In this section, we use the scoring function (available under `utils.compute_score`) in two ways:  
- to compute the score for already trained baseline models;
- to compute the score on the basis of the saved evaluation results (dictionary).

### Compute the score using an already trained model

Evaluate an already trained baseline (a fully connected architecture) and get the corresponding score using `compute_score` function.

In [68]:
### Import required packages
import os
from lips.benchmark.powergridBenchmark import PowerGridBenchmark

#Define the required paths
BENCH_CONFIG_PATH = os.path.join("configs", "benchmarks", "lips_idf_2023.ini")
DATA_PATH = os.path.join("input_data_local", "lips_idf_2023")
TRAINED_MODELS = os.path.join("input_data_local", "trained_models")
LOG_PATH = "logs.log"

benchmark_kwargs = {"attr_x": ("prod_p", "prod_v", "load_p", "load_q"),
                    "attr_y": ("a_or", "a_ex", "p_or", "p_ex", "v_or", "v_ex"),
                    "attr_tau": ("line_status", "topo_vect"),
                    "attr_physics": None}

benchmark = PowerGridBenchmark(benchmark_path=DATA_PATH,
                               config_path=BENCH_CONFIG_PATH,
                               benchmark_name="Benchmark_competition",
                               load_data_set=True, 
                               load_ybus_as_sparse=False,
                               log_path=LOG_PATH,
                               **benchmark_kwargs)

In [70]:
# load an already trained augmented simulator
from lips.augmented_simulators.tensorflow_models import TfFullyConnected
from lips.dataset.scaler import StandardScaler

# Indicate the path required for corresponding augmented simulator parameters
SIM_CONFIG_PATH = os.path.join("configs", "simulators", "tf_fc.ini")

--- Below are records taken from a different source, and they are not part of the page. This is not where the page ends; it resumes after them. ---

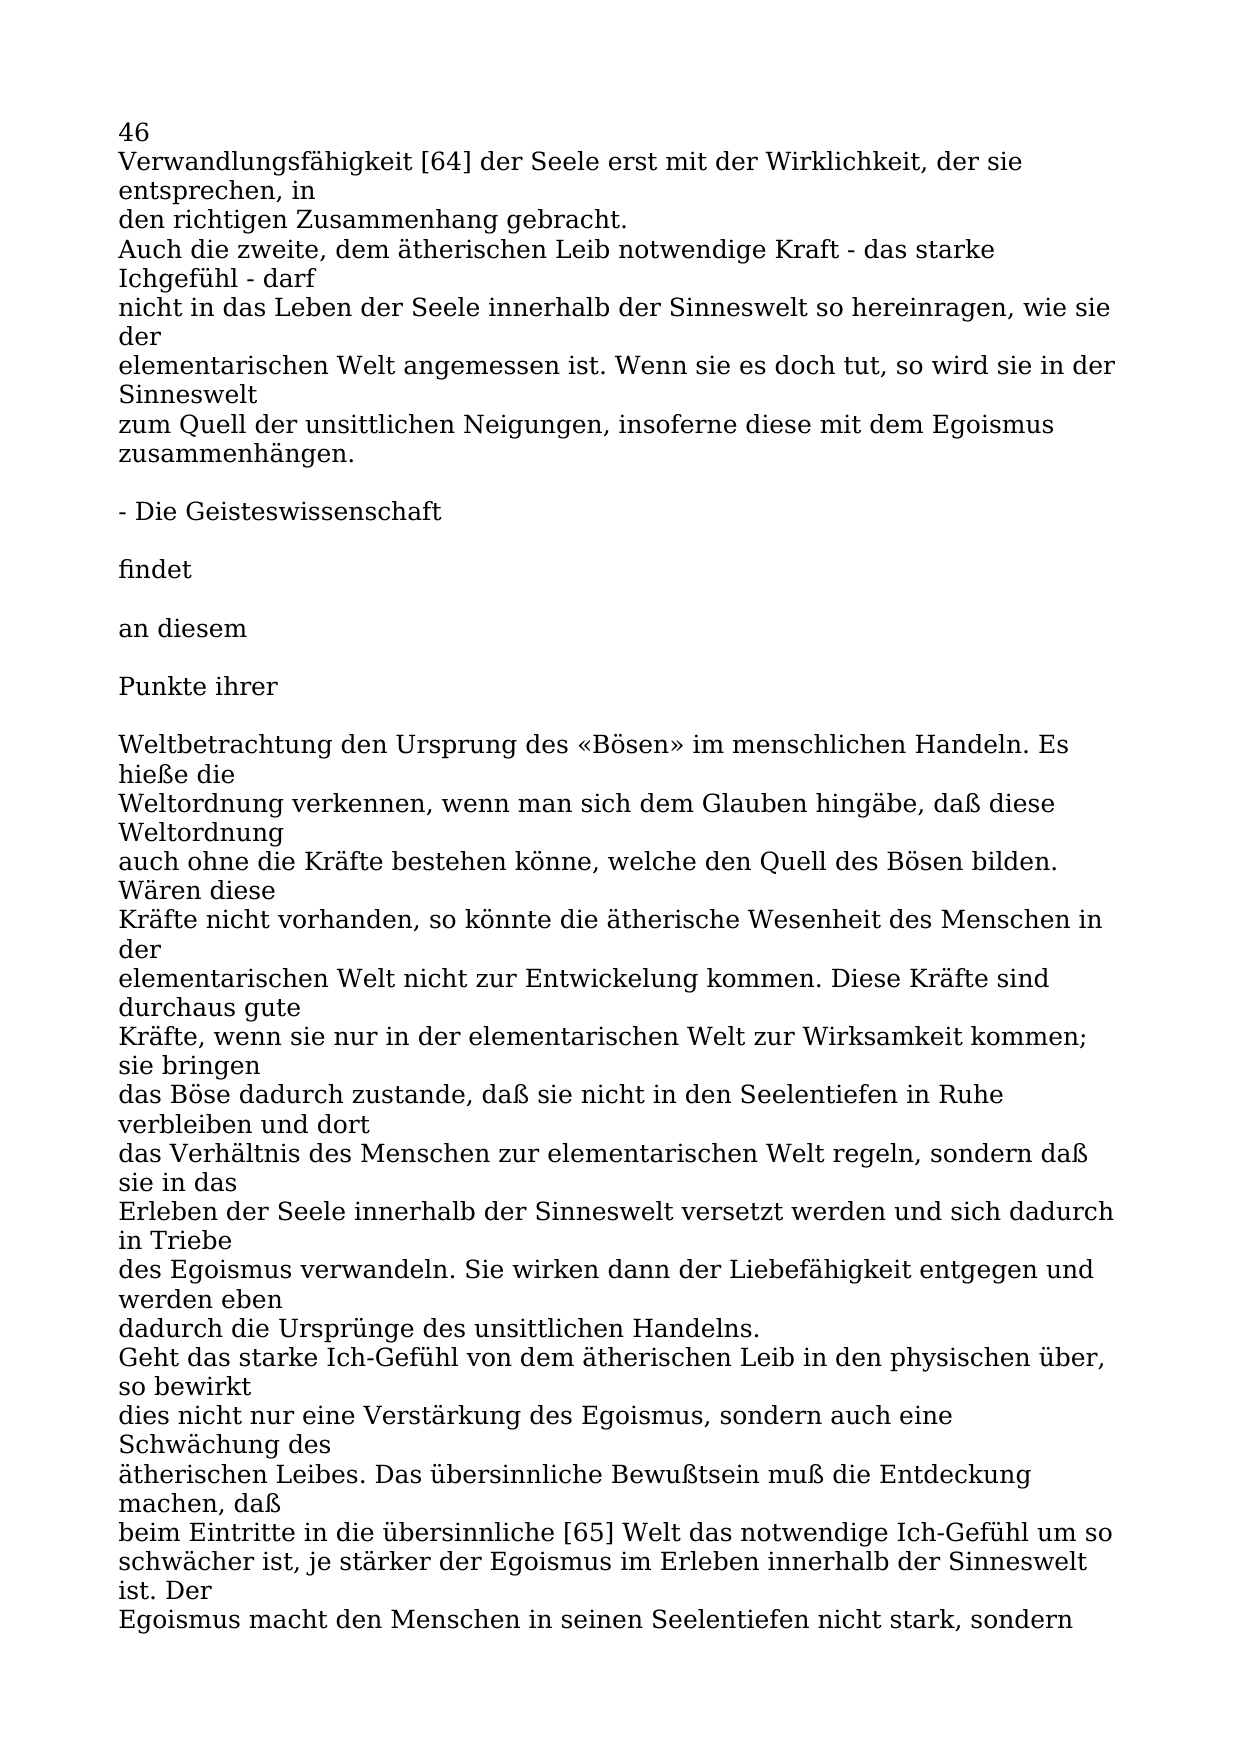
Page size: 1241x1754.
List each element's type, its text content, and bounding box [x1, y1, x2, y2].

text Geht das starke Ich-Gefühl von dem ätherischen Leib in den physischen über, so bewirkt [118, 1343, 1122, 1401]
text nicht in das Leben der Seele innerhalb der Sinneswelt so hereinragen, wie sie der [118, 293, 1122, 351]
text zum Quell der unsittlichen Neigungen, insoferne diese mit dem Egoismus [118, 410, 1122, 439]
text Kräfte, wenn sie nur in der elementarischen Welt zur Wirksamkeit kommen; sie bringen [118, 1022, 1122, 1081]
text - Die Geisteswissenschaft [118, 497, 1122, 526]
text des Egoismus verwandeln. Sie wirken dann der Liebefähigkeit entgegen und werden eben [118, 1256, 1122, 1314]
text auch ohne die Kräfte bestehen könne, welche den Quell des Bösen bilden. Wären diese [118, 847, 1122, 906]
text Punkte ihrer [118, 672, 1122, 701]
text Erleben der Seele innerhalb der Sinneswelt versetzt werden und sich dadurch in Triebe [118, 1197, 1122, 1256]
text ätherischen Leibes. Das übersinnliche Bewußtsein muß die Entdeckung machen, daß [118, 1460, 1122, 1518]
text dies nicht nur eine Verstärkung des Egoismus, sondern auch eine Schwächung des [118, 1401, 1122, 1460]
text 46 [118, 118, 1122, 147]
text an diesem [118, 614, 1122, 643]
text elementarischen Welt angemessen ist. Wenn sie es doch tut, so wird sie in der Sinneswelt [118, 351, 1122, 410]
text Weltordnung verkennen, wenn man sich dem Glauben hingäbe, daß diese Weltordnung [118, 789, 1122, 847]
text beim Eintritte in die übersinnliche [65] Welt das notwendige Ich-Gefühl um so [118, 1518, 1122, 1547]
text Egoismus macht den Menschen in seinen Seelentiefen nicht stark, sondern [118, 1606, 1122, 1635]
text Auch die zweite, dem ätherischen Leib notwendige Kraft - das starke Ichgefühl - darf [118, 235, 1122, 293]
text den richtigen Zusammenhang gebracht. [118, 206, 1122, 235]
text das Böse dadurch zustande, daß sie nicht in den Seelentiefen in Ruhe verbleiben und dort [118, 1081, 1122, 1139]
text schwächer ist, je stärker der Egoismus im Erleben innerhalb der Sinneswelt ist. Der [118, 1547, 1122, 1606]
text zusammenhängen. [118, 439, 1122, 468]
text elementarischen Welt nicht zur Entwickelung kommen. Diese Kräfte sind durchaus gute [118, 964, 1122, 1022]
text Kräfte nicht vorhanden, so könnte die ätherische Wesenheit des Menschen in der [118, 906, 1122, 964]
text findet [118, 556, 1122, 585]
text Weltbetrachtung den Ursprung des «Bösen» im menschlichen Handeln. Es hieße die [118, 731, 1122, 789]
text das Verhältnis des Menschen zur elementarischen Welt regeln, sondern daß sie in das [118, 1139, 1122, 1197]
text dadurch die Ursprünge des unsittlichen Handelns. [118, 1314, 1122, 1343]
text Verwandlungsfähigkeit [64] der Seele erst mit der Wirklichkeit, der sie entsprechen, in [118, 147, 1122, 206]
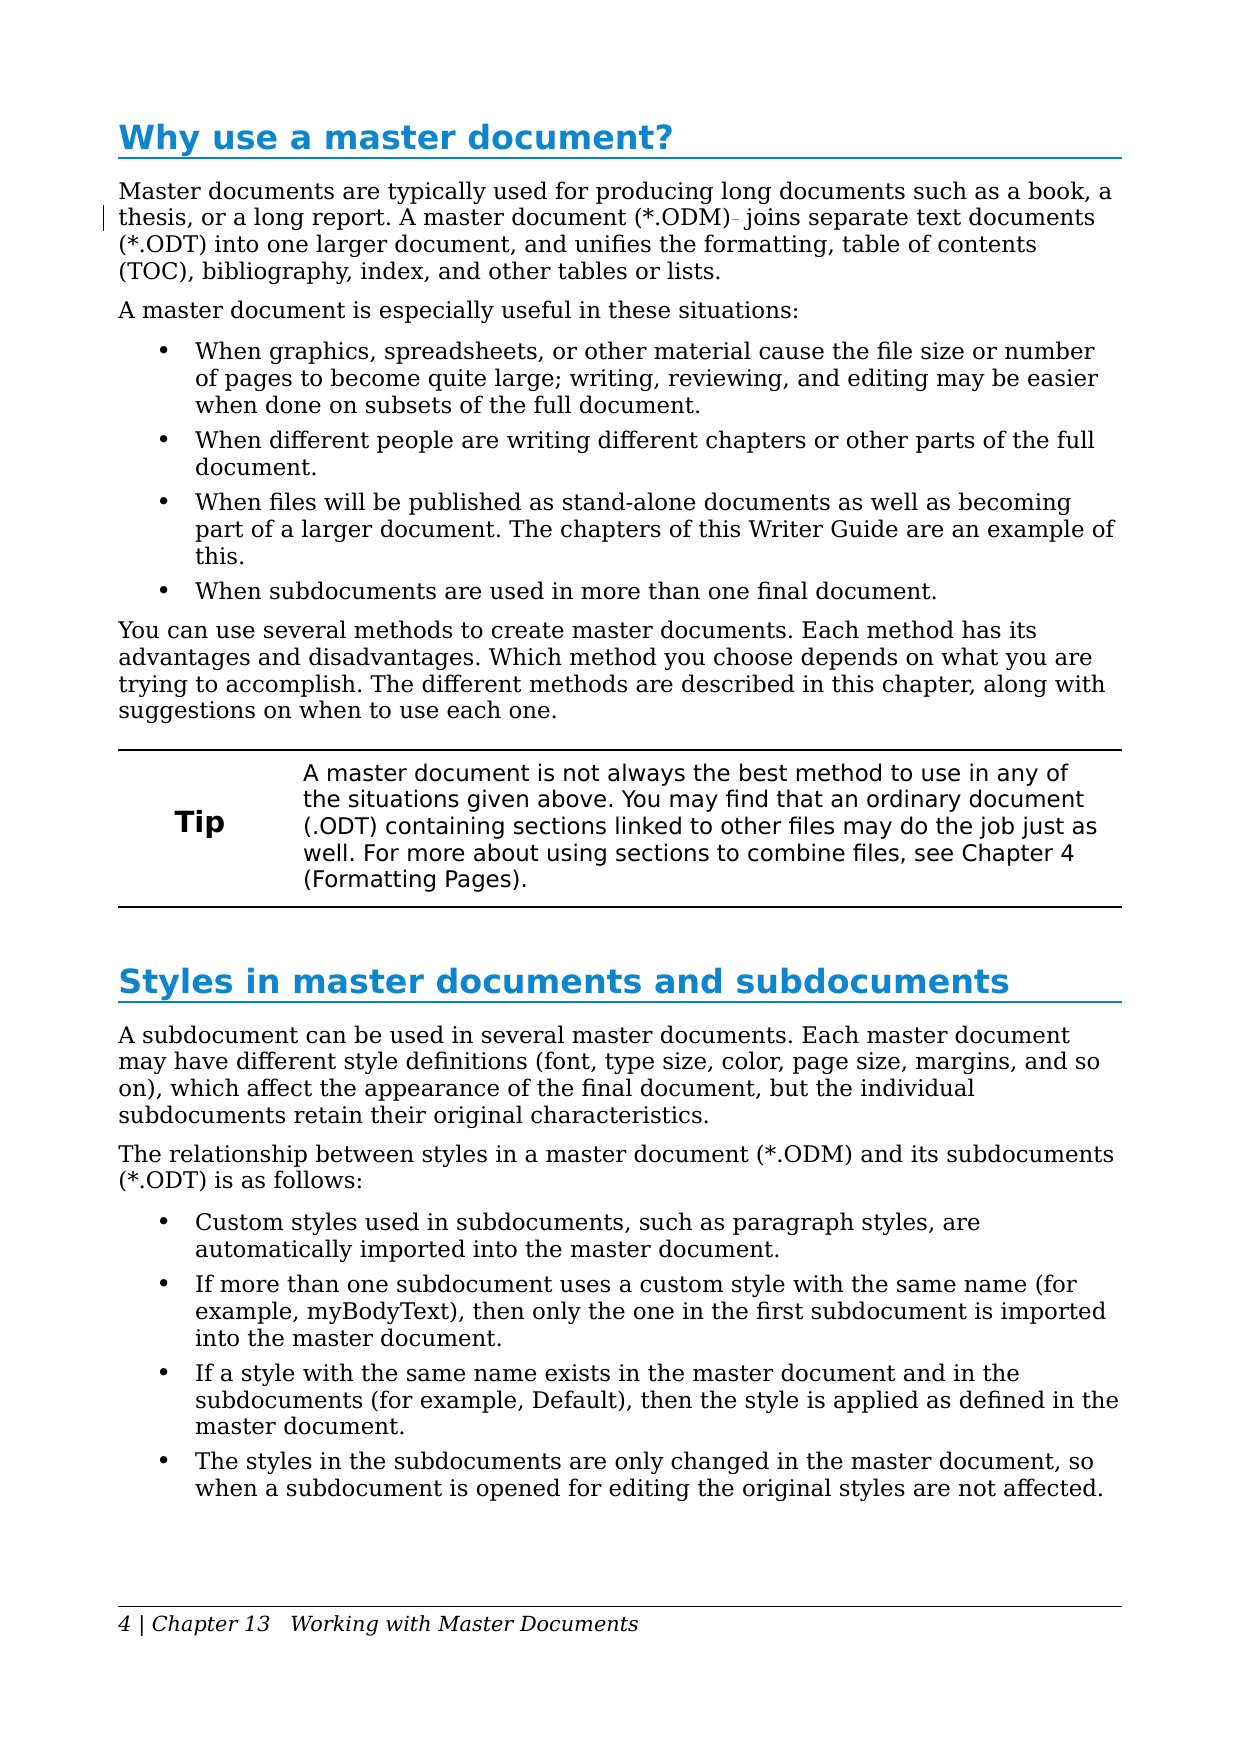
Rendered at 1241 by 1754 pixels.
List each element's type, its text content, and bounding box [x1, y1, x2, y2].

subtitle Why use a master document? [118, 118, 1122, 157]
list When files will be published as stand-alone documents as well as becoming part of a larger document. The chapters of this Writer Guide are an example of this. [156, 487, 1122, 569]
text Master documents are typically used for producing long documents such as a book, a thesis, or a long report. A master document (*.ODM) joins separate text documents (*.ODT) into one larger document, and unifies the formatting, table of contents (TOC), bibliography, index, and other tables or lists. [118, 178, 1122, 284]
list When subdocuments are used in more than one final document. [156, 576, 1122, 605]
subtitle Styles in master documents and subdocuments [118, 962, 1122, 1001]
list If a style with the same name exists in the master document and in the subdocuments (for example, Default), then the style is applied as defined in the master document. [156, 1358, 1122, 1440]
text A master document is especially useful in these situations: [118, 297, 1122, 324]
list When graphics, spreadsheets, or other material cause the file size or number of pages to become quite large; writing, reviewing, and editing may be easier when done on subsets of the full document. [156, 336, 1122, 419]
table_header Tip [118, 751, 281, 906]
list The styles in the subdocuments are only changed in the master document, so when a subdocument is opened for editing the original styles are not affected. [156, 1446, 1122, 1502]
text You can use several methods to create master documents. Each method has its advantages and disadvantages. Which method you choose depends on what you are trying to accomplish. The different methods are described in this chapter, along with suggestions on when to use each one. [118, 617, 1122, 724]
list If more than one subdocument uses a custom style with the same name (for example, myBodyText), then only the one in the first subdocument is imported into the master document. [156, 1269, 1122, 1351]
text A subdocument can be used in several master documents. Each master document may have different style definitions (font, type size, color, page size, margins, and so on), which affect the appearance of the final document, but the individual subdocuments retain their original characteristics. [118, 1022, 1122, 1128]
table_header A master document is not always the best method to use in any of the situations given above. You may find that an ordinary document (.ODT) containing sections linked to other files may do the job just as well. For more about using sections to combine files, see Chapter 4 (Formatting Pages). [281, 751, 1122, 906]
list When different people are writing different chapters or other parts of the full document. [156, 425, 1122, 481]
list Custom styles used in subdocuments, such as paragraph styles, are automatically imported into the master document. [156, 1207, 1122, 1263]
text The relationship between styles in a master document (*.ODM) and its subdocuments (*.ODT) is as follows: [118, 1141, 1122, 1194]
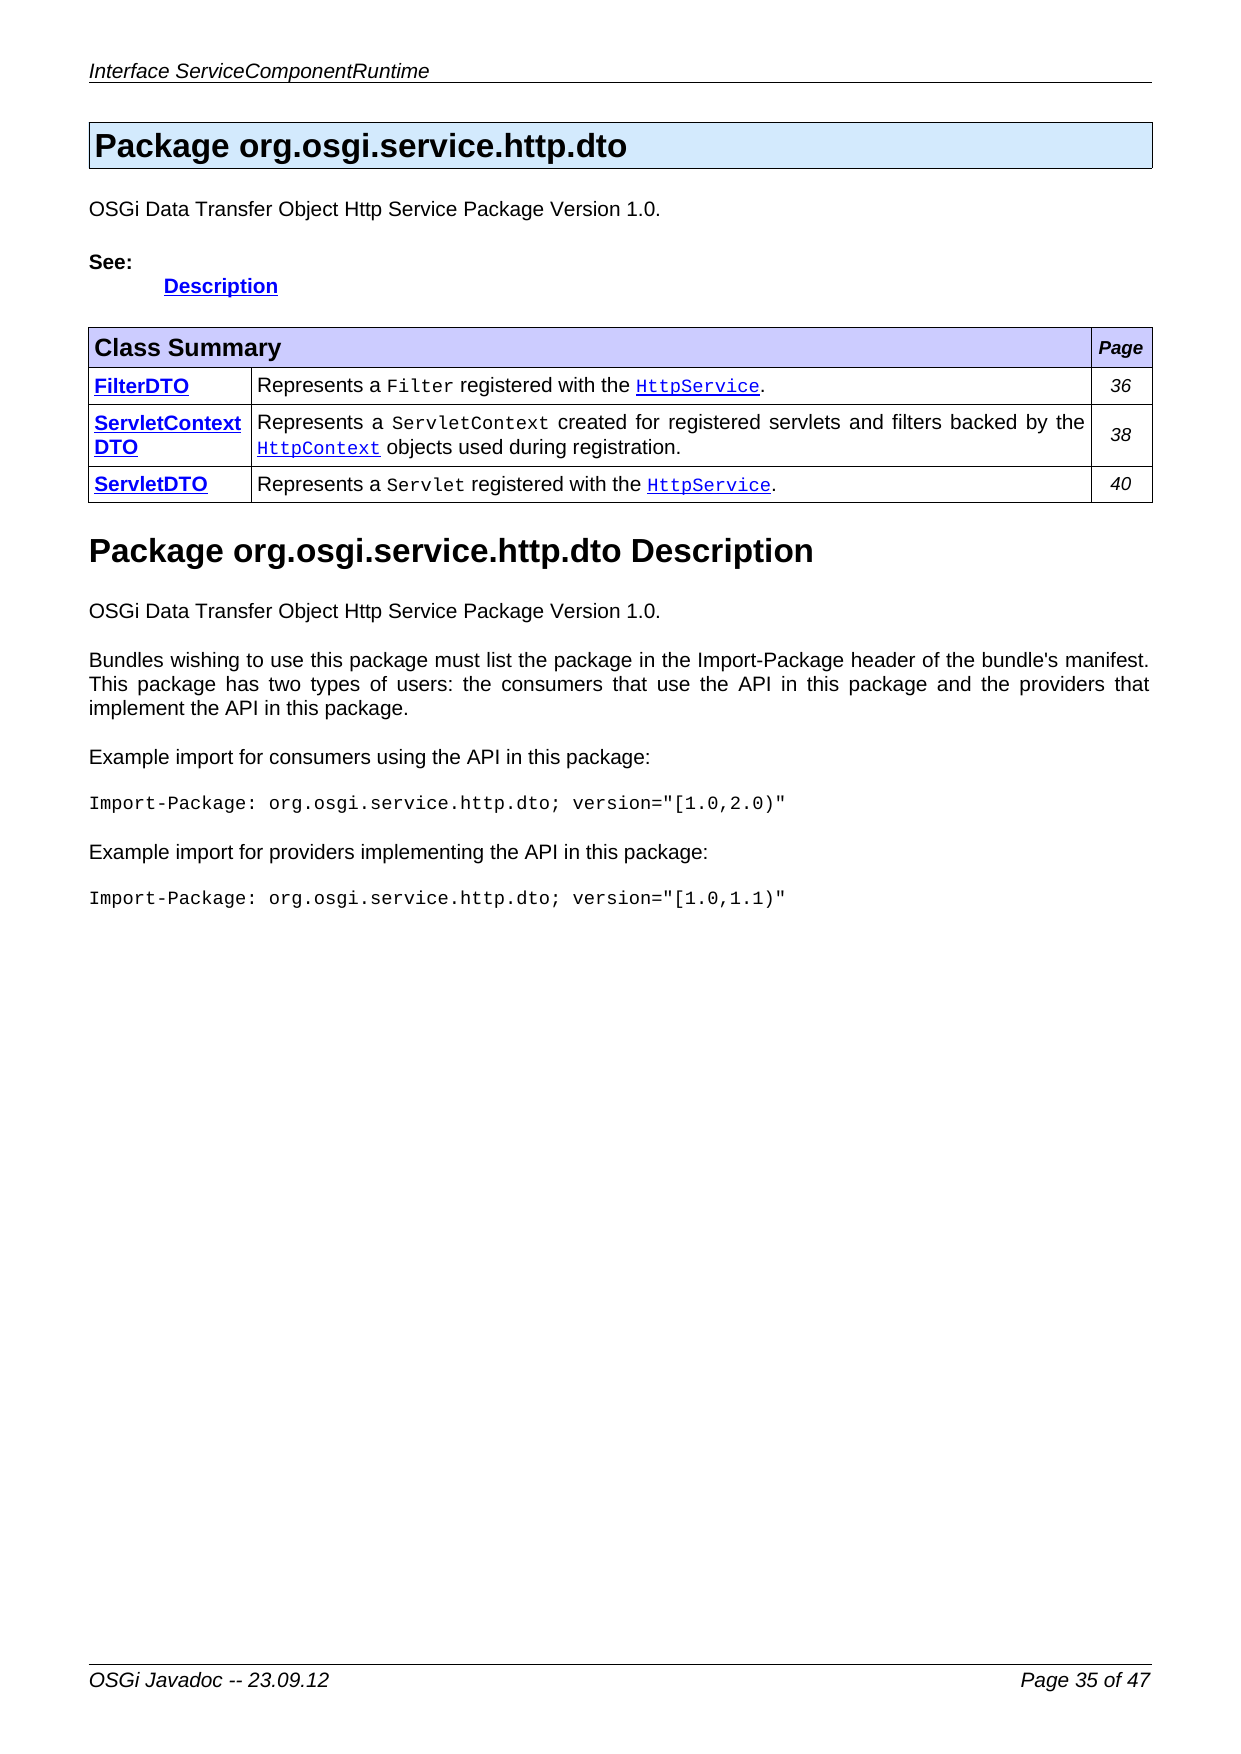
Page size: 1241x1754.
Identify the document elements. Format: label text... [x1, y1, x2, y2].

text Example import for providers implementing the API in this package: [88, 840, 1152, 864]
table_cell [1092, 467, 1152, 502]
table_cell [1092, 405, 1152, 466]
text See: [88, 250, 1152, 274]
table_header Page [1092, 328, 1152, 367]
table_cell Represents a Filter registered with the HttpService. [252, 368, 1091, 404]
table_cell ServletDTO [89, 467, 251, 502]
text Package org.osgi.service.http.dto Description [88, 531, 1152, 570]
text Example import for consumers using the API in this package: [88, 745, 1152, 769]
text Import-Package: org.osgi.service.http.dto; version="[1.0,1.1)" [88, 889, 1152, 910]
table_header Class Summary [89, 328, 1091, 367]
text Import-Package: org.osgi.service.http.dto; version="[1.0,2.0)" [88, 794, 1152, 815]
table_cell FilterDTO [89, 368, 251, 404]
text Description [163, 274, 1152, 298]
table_cell Represents a Servlet registered with the HttpService. [252, 467, 1091, 502]
text OSGi Data Transfer Object Http Service Package Version 1.0. [88, 599, 1152, 623]
table_cell Represents a ServletContext created for registered servlets and filters backed by the HttpContext objects used during registration. [252, 405, 1091, 466]
text OSGi Data Transfer Object Http Service Package Version 1.0. [88, 197, 1152, 221]
subtitle Package org.osgi.service.http.dto [90, 123, 1152, 168]
text Bundles wishing to use this package must list the package in the Import-Package header of the bundle's manifest. This package has two types of users: the consumers that use the API in this package and the providers that implement the API in this package. [88, 648, 1152, 720]
table_cell [1092, 368, 1152, 404]
table_cell ServletContextDTO [89, 405, 251, 466]

tf_fc = TfFullyConnected(name="tf_fc",
                         bench_config_path=BENCH_CONFIG_PATH,
                         bench_config_name="Benchmark_competition",
                         bench_kwargs=benchmark_kwargs,
                         sim_config_path=SIM_CONFIG_PATH,
                         sim_config_name="DEFAULT",
                         scaler=StandardScaler,
                         log_path=LOG_PATH)

LOAD_PATH = os.path.join(TRAINED_MODELS, "lips_idf_2023")
tf_fc.restore(path=LOAD_PATH)

In [71]:
EVALUATION_PATH = os.path.join("input_data_local", "eval_results", "lips_idf_2023")
metrics = benchmark.evaluate_simulator(augmented_simulator=tf_fc,
                                       eval_batch_size=128,
                                       dataset="all",
                                       shuffle=False,
                                       save_path=EVALUATION_PATH,
                                       save_predictions=False
                                      )

In [72]:
from utils.compute_score import compute_global_score
score = compute_global_score(metrics, benchmark.config)

43.90493509272275


In [63]:
compute_score.configuration

{'coefficients': {'test': 0.33, 'test_ood': 0.33, 'speed_up': 0.34},
 'test_ratio': {'ml': 0.6, 'physics': 0.4},
 'test_ood_ratio': {'ml': 0.6, 'physics': 0.4},
 'value_by_color': {'g': 2, 'o': 1, 'r': 0},
 'max_speed_ratio_allowed': 50}

### Compute the score using the saved evaluation results

Read the evaluation results for the baseline architecture (LeapNet architecture in this case).

In [30]:
import json

def import_metrics(path, dataset):
    path_to_results = os.path.join(path, dataset, "eval_res.json")
    with open(path_to_results) as json_file:
        metrics = json.load(json_file)
    return metrics


In [35]:
EVALUATION_PATH = os.path.join("input_data_local", "eval_results", "lips_idf_2023", "tf_leapnet_DEFAULT")
metrics_dict = dict()
metrics_dict["test"] = import_metrics(EVALUATION_PATH, "test")
metrics_dict["test_ood_topo"] = import_metrics(EVALUATION_PATH, "test_ood_topo")

In [64]:
from utils.compute_score import compute_global_score
score = compute_global_score(metrics_dict, benchmark.config)

45.35264931559977